» **The input**
┄┄┄┄┄┄┄┄┄┄
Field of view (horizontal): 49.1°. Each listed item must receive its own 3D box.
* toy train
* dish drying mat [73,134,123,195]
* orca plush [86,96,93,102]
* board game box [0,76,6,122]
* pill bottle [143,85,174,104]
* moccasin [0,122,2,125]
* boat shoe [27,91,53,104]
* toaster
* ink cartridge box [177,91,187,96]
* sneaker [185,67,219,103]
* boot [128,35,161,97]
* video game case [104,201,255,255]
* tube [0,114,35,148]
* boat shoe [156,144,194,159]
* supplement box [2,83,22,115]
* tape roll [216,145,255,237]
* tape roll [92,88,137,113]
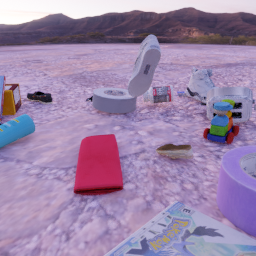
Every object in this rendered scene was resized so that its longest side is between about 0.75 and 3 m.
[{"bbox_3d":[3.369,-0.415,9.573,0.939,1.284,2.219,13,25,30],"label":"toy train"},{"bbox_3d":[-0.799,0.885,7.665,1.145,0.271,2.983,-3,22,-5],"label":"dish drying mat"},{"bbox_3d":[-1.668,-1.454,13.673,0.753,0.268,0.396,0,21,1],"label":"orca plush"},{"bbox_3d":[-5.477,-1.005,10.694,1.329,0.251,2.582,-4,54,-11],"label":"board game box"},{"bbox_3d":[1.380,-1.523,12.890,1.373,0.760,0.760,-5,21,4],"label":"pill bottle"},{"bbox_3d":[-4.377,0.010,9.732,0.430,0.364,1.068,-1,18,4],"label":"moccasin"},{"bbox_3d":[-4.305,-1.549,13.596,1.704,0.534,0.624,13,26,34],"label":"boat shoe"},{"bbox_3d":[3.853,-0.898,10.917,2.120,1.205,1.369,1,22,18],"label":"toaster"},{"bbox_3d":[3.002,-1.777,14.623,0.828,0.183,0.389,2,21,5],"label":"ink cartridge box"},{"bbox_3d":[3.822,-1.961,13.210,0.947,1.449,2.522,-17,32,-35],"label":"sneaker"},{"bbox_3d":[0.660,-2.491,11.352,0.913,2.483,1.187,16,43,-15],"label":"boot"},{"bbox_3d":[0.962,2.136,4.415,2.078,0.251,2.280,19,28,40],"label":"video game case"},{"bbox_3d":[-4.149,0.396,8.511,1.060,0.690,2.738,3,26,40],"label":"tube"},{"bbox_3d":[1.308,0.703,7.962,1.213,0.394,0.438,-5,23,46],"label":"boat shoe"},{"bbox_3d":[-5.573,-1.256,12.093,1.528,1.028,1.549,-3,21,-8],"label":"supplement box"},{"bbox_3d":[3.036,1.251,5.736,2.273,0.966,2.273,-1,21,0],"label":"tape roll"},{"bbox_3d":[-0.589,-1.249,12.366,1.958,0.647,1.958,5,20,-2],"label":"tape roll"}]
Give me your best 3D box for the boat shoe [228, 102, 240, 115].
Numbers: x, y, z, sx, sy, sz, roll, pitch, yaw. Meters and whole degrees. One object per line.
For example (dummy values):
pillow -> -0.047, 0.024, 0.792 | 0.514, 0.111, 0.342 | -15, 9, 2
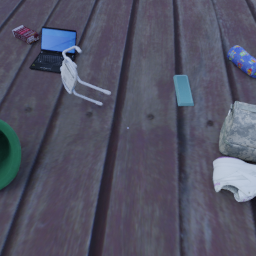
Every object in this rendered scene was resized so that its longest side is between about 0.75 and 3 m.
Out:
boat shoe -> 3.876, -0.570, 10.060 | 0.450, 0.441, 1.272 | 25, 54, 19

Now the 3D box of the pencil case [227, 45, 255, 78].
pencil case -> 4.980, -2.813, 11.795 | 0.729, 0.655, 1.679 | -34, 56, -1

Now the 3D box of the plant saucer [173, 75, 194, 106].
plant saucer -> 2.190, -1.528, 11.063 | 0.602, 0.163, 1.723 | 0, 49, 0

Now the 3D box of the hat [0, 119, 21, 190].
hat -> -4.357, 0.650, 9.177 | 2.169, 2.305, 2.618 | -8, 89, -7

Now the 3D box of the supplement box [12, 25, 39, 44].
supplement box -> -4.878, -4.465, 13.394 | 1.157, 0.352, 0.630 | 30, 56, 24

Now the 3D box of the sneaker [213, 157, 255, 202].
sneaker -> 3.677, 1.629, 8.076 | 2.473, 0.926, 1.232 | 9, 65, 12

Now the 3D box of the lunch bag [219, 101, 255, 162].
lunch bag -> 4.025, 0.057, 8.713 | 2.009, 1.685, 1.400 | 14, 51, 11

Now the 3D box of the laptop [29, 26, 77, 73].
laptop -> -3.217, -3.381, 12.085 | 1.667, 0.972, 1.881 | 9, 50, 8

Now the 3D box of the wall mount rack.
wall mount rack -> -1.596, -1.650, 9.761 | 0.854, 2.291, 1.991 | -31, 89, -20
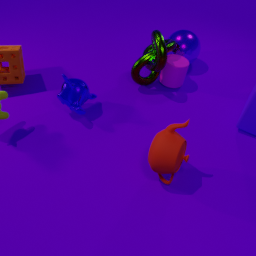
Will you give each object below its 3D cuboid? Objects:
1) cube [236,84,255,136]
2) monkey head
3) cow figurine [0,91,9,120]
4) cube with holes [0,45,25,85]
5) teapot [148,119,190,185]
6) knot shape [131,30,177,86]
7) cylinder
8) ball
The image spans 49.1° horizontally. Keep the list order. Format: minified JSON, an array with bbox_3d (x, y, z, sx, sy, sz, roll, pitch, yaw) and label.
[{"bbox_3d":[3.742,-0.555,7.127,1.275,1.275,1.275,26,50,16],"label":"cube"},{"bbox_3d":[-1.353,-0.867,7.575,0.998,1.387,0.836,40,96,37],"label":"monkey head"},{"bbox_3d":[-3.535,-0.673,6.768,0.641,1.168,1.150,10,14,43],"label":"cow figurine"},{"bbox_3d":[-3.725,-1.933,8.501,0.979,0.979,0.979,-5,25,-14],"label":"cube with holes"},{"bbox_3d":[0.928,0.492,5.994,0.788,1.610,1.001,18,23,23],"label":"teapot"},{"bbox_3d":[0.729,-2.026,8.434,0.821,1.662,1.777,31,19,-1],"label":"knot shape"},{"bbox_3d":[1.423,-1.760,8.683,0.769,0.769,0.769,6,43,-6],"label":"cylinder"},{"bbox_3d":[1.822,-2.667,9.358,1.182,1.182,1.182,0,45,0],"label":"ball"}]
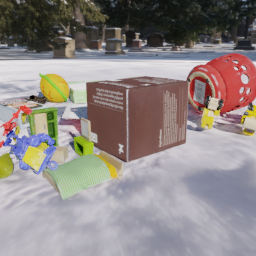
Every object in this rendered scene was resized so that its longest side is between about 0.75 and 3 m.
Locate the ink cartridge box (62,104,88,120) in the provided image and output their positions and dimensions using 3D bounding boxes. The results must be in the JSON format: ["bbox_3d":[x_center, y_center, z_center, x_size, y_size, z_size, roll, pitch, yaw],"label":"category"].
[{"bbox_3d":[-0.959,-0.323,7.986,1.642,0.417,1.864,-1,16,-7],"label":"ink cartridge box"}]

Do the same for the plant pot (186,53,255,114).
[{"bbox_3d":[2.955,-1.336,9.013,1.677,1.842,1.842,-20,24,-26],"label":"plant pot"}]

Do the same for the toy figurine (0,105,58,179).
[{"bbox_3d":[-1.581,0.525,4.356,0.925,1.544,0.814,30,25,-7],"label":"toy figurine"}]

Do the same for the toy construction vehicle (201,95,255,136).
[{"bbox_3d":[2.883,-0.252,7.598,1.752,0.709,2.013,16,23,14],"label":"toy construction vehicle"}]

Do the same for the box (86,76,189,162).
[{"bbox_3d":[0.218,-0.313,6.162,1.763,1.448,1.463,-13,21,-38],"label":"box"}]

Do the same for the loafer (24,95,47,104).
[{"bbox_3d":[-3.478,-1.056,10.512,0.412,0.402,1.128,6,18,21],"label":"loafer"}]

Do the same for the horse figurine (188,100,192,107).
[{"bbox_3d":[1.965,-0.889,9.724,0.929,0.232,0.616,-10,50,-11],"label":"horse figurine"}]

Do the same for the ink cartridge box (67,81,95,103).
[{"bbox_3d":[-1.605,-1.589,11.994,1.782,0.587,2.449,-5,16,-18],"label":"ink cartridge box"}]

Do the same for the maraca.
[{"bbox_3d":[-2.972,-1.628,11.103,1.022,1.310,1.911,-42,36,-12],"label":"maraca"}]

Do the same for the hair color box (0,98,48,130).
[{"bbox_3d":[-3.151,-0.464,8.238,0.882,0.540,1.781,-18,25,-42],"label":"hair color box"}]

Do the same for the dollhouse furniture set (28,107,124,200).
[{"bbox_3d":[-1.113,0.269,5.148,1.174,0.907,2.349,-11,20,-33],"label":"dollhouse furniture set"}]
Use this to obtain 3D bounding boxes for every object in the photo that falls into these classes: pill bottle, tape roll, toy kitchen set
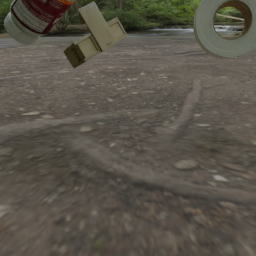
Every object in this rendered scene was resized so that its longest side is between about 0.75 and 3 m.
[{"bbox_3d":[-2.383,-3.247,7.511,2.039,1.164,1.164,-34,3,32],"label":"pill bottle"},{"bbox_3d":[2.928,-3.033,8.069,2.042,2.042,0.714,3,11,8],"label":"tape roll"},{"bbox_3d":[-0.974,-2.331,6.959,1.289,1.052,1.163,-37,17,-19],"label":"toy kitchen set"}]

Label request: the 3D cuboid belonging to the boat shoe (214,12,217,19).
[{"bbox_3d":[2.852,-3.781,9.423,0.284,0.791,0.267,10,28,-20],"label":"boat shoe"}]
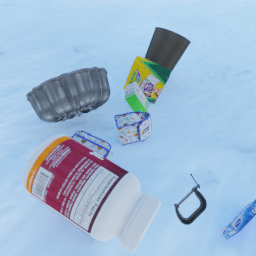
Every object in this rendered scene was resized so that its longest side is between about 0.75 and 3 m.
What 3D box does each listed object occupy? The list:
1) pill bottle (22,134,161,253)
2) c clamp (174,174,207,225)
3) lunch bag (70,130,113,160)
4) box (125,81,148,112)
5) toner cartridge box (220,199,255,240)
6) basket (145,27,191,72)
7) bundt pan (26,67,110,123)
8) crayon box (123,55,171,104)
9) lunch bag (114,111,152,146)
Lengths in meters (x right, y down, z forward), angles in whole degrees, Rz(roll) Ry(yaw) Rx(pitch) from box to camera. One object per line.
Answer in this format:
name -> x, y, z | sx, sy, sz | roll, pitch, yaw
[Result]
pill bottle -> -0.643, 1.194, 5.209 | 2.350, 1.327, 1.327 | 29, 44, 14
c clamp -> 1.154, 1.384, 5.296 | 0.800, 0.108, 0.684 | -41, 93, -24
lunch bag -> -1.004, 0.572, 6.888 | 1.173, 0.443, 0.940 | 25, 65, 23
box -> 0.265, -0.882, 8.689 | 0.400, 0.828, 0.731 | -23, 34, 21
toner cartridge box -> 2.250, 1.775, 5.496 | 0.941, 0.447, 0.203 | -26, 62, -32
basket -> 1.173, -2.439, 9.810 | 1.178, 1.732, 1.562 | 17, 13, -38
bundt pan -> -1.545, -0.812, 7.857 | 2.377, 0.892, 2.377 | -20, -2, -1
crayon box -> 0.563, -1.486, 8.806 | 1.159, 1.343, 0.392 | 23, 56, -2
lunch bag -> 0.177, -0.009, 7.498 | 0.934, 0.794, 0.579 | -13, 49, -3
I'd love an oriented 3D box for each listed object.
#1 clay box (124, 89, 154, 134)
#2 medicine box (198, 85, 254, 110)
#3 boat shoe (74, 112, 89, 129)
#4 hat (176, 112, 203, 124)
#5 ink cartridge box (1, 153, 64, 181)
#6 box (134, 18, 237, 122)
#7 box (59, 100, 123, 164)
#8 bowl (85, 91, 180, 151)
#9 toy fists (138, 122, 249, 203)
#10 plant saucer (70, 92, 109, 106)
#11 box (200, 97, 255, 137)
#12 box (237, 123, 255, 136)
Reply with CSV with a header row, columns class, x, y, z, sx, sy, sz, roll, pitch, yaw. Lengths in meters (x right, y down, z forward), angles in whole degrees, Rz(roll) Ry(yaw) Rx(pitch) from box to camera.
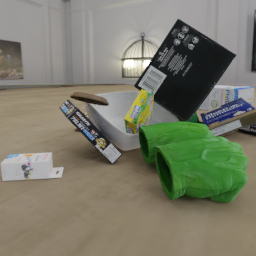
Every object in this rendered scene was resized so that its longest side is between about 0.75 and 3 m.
┄┄┄┄┄┄┄┄┄┄
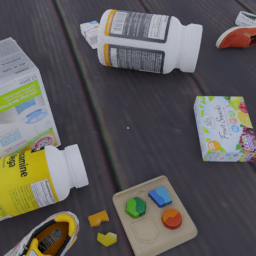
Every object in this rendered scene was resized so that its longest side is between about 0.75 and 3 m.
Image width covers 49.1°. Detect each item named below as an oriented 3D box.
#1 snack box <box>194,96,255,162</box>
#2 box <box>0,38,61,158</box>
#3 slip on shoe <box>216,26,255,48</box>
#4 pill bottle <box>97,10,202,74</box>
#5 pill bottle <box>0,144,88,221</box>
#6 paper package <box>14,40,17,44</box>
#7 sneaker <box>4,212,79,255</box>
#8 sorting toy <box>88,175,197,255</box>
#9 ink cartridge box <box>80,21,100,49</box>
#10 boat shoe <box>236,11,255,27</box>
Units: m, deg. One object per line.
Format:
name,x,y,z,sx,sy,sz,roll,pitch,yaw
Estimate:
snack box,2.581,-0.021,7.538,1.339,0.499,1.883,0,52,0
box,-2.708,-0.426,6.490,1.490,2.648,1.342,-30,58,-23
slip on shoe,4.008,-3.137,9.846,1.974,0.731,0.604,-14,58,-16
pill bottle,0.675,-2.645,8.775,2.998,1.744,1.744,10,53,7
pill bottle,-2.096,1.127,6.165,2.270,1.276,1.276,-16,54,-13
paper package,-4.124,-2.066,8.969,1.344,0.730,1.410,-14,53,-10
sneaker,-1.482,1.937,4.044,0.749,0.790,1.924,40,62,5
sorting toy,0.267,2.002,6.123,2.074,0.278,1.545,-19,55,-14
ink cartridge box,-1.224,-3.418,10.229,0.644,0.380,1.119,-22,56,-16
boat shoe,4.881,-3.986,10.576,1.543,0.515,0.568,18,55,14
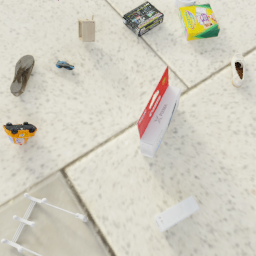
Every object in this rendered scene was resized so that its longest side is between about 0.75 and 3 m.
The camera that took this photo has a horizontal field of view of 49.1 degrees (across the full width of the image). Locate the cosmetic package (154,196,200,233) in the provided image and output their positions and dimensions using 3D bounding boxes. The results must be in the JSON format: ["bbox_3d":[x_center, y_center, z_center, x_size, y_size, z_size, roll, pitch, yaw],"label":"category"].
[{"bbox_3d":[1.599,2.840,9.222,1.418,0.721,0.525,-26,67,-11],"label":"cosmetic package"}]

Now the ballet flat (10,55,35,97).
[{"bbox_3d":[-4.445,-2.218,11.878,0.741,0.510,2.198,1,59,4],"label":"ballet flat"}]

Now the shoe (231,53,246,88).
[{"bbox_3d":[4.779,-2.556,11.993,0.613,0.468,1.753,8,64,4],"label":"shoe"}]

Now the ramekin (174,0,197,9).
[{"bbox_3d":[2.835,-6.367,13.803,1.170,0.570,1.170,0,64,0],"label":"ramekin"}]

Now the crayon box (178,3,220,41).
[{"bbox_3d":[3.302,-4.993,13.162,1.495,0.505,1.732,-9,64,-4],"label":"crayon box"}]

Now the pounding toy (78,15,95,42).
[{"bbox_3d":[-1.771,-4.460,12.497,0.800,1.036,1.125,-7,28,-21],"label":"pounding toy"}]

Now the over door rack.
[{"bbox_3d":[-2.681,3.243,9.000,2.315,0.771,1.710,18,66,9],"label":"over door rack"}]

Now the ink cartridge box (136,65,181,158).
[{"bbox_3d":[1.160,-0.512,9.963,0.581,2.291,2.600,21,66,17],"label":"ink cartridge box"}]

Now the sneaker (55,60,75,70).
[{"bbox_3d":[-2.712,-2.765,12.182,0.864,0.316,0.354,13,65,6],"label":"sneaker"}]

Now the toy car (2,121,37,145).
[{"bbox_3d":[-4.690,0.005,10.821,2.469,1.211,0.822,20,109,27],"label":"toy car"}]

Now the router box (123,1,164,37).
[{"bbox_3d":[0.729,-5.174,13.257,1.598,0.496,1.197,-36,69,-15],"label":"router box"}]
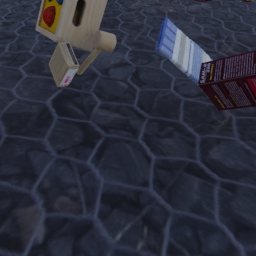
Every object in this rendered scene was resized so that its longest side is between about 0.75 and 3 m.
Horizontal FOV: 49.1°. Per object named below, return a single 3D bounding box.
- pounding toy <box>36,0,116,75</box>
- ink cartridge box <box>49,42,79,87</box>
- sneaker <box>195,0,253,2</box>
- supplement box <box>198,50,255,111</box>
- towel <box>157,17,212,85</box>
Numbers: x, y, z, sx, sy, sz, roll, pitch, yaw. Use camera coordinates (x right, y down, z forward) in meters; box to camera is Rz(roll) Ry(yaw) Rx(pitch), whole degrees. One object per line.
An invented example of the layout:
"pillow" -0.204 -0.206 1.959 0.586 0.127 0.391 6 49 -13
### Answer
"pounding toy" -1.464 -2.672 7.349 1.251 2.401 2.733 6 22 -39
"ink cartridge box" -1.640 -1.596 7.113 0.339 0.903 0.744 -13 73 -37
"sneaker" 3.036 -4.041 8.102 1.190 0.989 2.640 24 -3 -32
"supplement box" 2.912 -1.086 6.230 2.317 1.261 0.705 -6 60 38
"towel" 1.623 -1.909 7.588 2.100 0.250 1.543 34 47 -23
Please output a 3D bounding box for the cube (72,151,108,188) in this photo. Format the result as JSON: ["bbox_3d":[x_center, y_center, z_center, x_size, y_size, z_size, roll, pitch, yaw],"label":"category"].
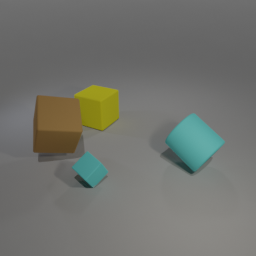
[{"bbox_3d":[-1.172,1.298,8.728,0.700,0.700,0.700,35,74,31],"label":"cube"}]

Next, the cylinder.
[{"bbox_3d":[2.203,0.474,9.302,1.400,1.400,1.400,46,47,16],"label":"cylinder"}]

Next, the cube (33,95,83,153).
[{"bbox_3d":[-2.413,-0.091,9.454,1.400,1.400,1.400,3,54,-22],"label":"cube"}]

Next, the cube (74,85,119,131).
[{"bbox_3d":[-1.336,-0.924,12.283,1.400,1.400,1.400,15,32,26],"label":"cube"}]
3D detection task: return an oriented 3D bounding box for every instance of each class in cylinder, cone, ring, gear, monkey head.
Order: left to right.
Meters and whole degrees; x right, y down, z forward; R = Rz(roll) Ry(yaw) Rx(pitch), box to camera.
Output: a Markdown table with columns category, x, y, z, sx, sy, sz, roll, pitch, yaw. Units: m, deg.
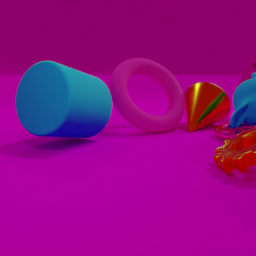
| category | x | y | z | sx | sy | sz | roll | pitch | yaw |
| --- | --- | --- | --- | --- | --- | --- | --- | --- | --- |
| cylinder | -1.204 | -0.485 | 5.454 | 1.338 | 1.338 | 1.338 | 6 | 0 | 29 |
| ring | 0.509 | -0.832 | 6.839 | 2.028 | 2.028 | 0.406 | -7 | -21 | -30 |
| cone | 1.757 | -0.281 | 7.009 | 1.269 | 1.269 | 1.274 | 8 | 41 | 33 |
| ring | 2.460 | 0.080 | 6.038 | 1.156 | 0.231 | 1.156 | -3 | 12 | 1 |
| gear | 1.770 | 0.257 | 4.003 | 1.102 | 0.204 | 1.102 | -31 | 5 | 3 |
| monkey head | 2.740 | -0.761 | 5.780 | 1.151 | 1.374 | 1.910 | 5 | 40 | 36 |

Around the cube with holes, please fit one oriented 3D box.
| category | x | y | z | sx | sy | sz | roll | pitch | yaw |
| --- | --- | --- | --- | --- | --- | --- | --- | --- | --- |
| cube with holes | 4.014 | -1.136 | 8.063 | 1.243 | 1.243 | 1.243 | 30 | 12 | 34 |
┄┄┄┄┄┄┄┄┄┄
Would you print exactly, and only, the lines of the data above from the line with "9) lunch bag (114,111,152,146)" through the line with "#2 medicine box (198, 85, 254, 110)", inclusive?

» **Task result**
9) lunch bag (114,111,152,146)
Lengths in meters (x right, y down, z forward), angles in whole degrees, Rz(roll) Ry(yaw) Rx(pitch) from box to camera. One object per line.
Answer in this format:
name -> x, y, z | sx, sy, sz | roll, pitch, yaw
[Result]
pill bottle -> -0.643, 1.194, 5.209 | 2.350, 1.327, 1.327 | 29, 44, 14
c clamp -> 1.154, 1.384, 5.296 | 0.800, 0.108, 0.684 | -41, 93, -24
lunch bag -> -1.004, 0.572, 6.888 | 1.173, 0.443, 0.940 | 25, 65, 23
box -> 0.265, -0.882, 8.689 | 0.400, 0.828, 0.731 | -23, 34, 21
toner cartridge box -> 2.250, 1.775, 5.496 | 0.941, 0.447, 0.203 | -26, 62, -32
basket -> 1.173, -2.439, 9.810 | 1.178, 1.732, 1.562 | 17, 13, -38
bundt pan -> -1.545, -0.812, 7.857 | 2.377, 0.892, 2.377 | -20, -2, -1
crayon box -> 0.563, -1.486, 8.806 | 1.159, 1.343, 0.392 | 23, 56, -2
lunch bag -> 0.177, -0.009, 7.498 | 0.934, 0.794, 0.579 | -13, 49, -3
I'd love an oriented 3D box for each listed object.
#1 clay box (124, 89, 154, 134)
#2 medicine box (198, 85, 254, 110)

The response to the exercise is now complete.